- **Description of the task**
Your answer should be the lines of the material that include the word "every".

- **Entries shown**
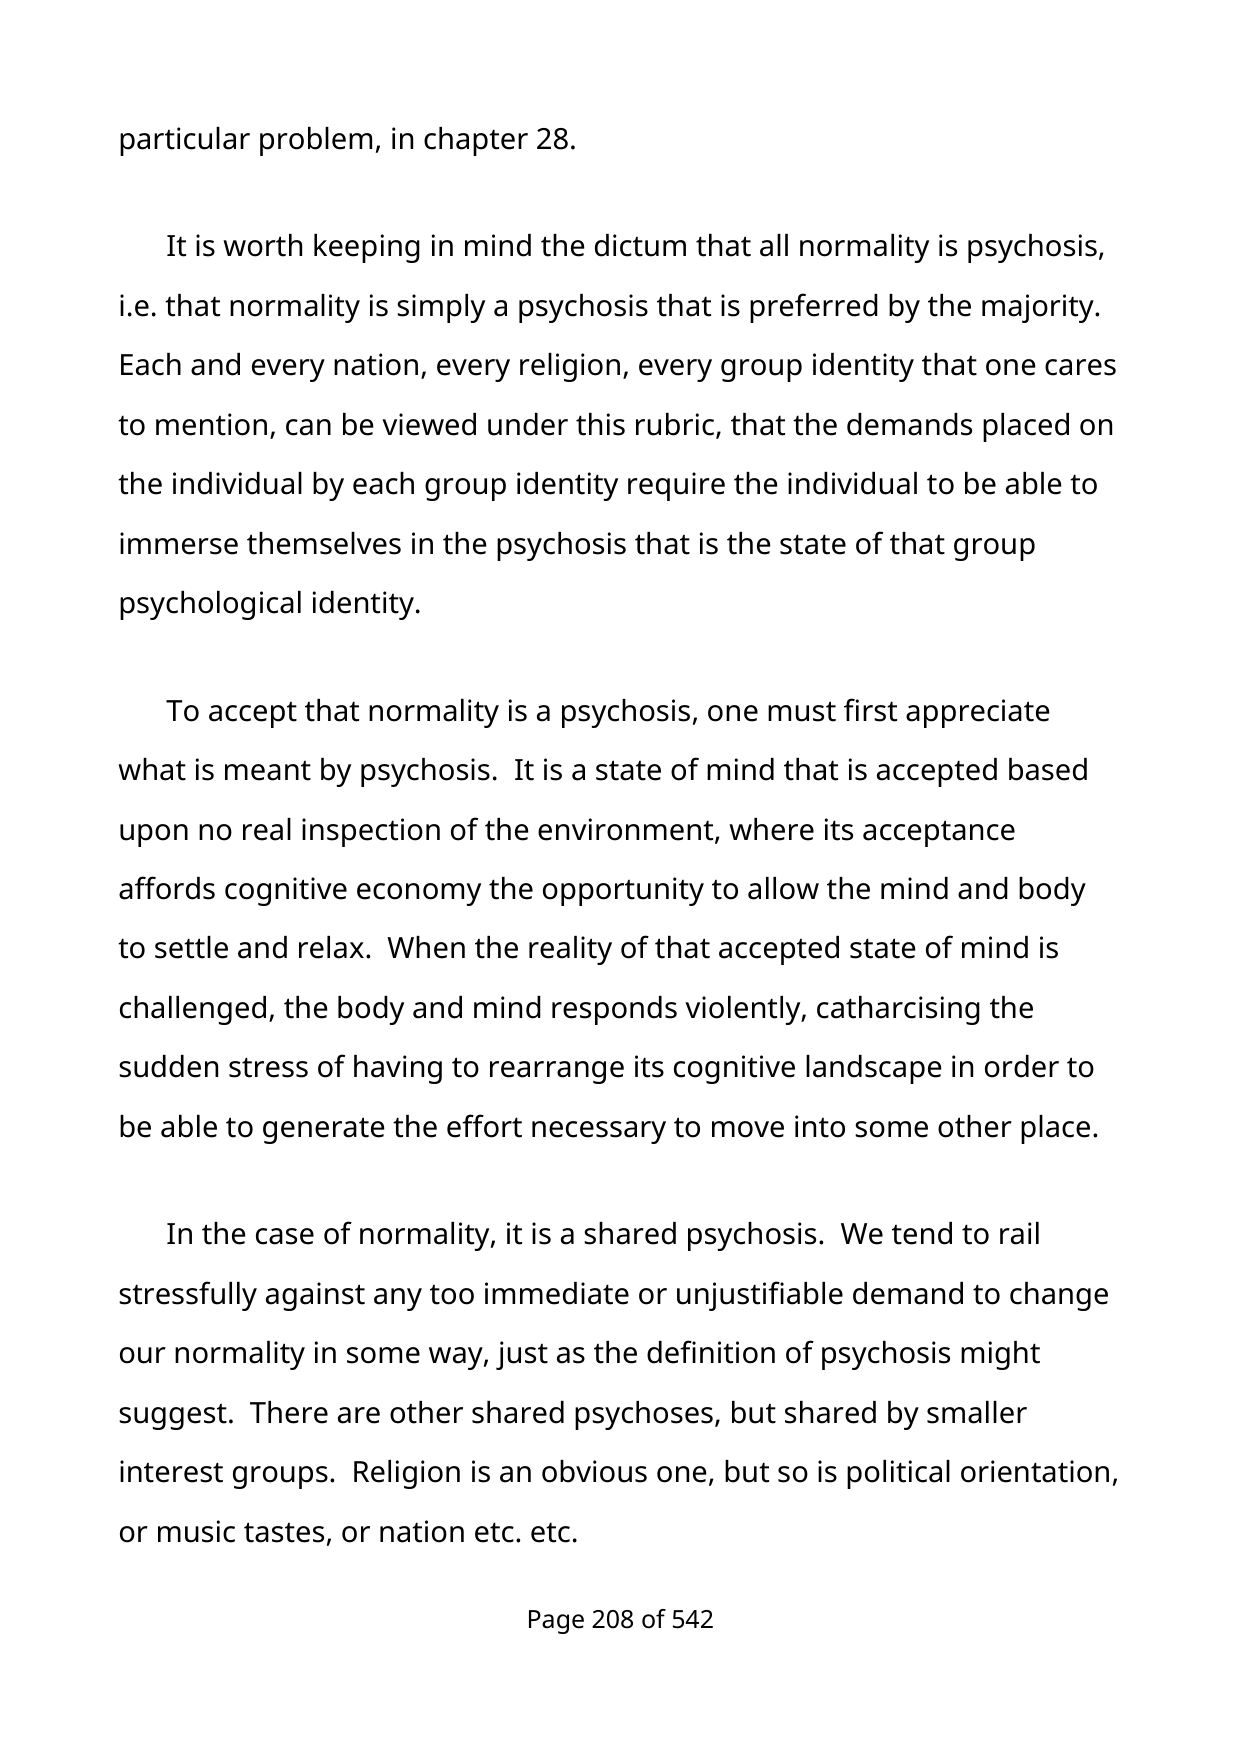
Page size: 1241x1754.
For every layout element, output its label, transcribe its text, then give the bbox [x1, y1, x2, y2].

text particular problem, in chapter 28. [118, 118, 1122, 158]
text To accept that normality is a psychosis, one must first appreciate what is meant by psychosis. It is a state of mind that is accepted based upon no real inspection of the environment, where its acceptance affords cognitive economy the opportunity to allow the mind and body to settle and relax. When the reality of that accepted state of mind is challenged, the body and mind responds violently, catharcising the sudden stress of having to rearrange its cognitive landscape in order to be able to generate the effort necessary to move into some other place. [118, 690, 1122, 1146]
text In the case of normality, it is a shared psychosis. We tend to rail stressfully against any too immediate or unjustifiable demand to change our normality in some way, just as the definition of psychosis might suggest. There are other shared psychoses, but shared by smaller interest groups. Religion is an obvious one, but so is political orientation, or music tastes, or nation etc. etc. [118, 1213, 1122, 1551]
text It is worth keeping in mind the dictum that all normality is psychosis, i.e. that normality is simply a psychosis that is preferred by the majority. Each and every nation, every religion, every group identity that one cares to mention, can be viewed under this rubric, that the demands placed on the individual by each group identity require the individual to be able to immerse themselves in the psychosis that is the state of that group psychological identity. [118, 226, 1122, 622]

- **Reply to the task**
For every layout element, output its label, transcribe its text, then give the bbox [x1, y1, x2, y2].
text It is worth keeping in mind the dictum that all normality is psychosis, i.e. that normality is simply a psychosis that is preferred by the majority. Each and every nation, every religion, every group identity that one cares to mention, can be viewed under this rubric, that the demands placed on the individual by each group identity require the individual to be able to immerse themselves in the psychosis that is the state of that group psychological identity. [118, 226, 1122, 622]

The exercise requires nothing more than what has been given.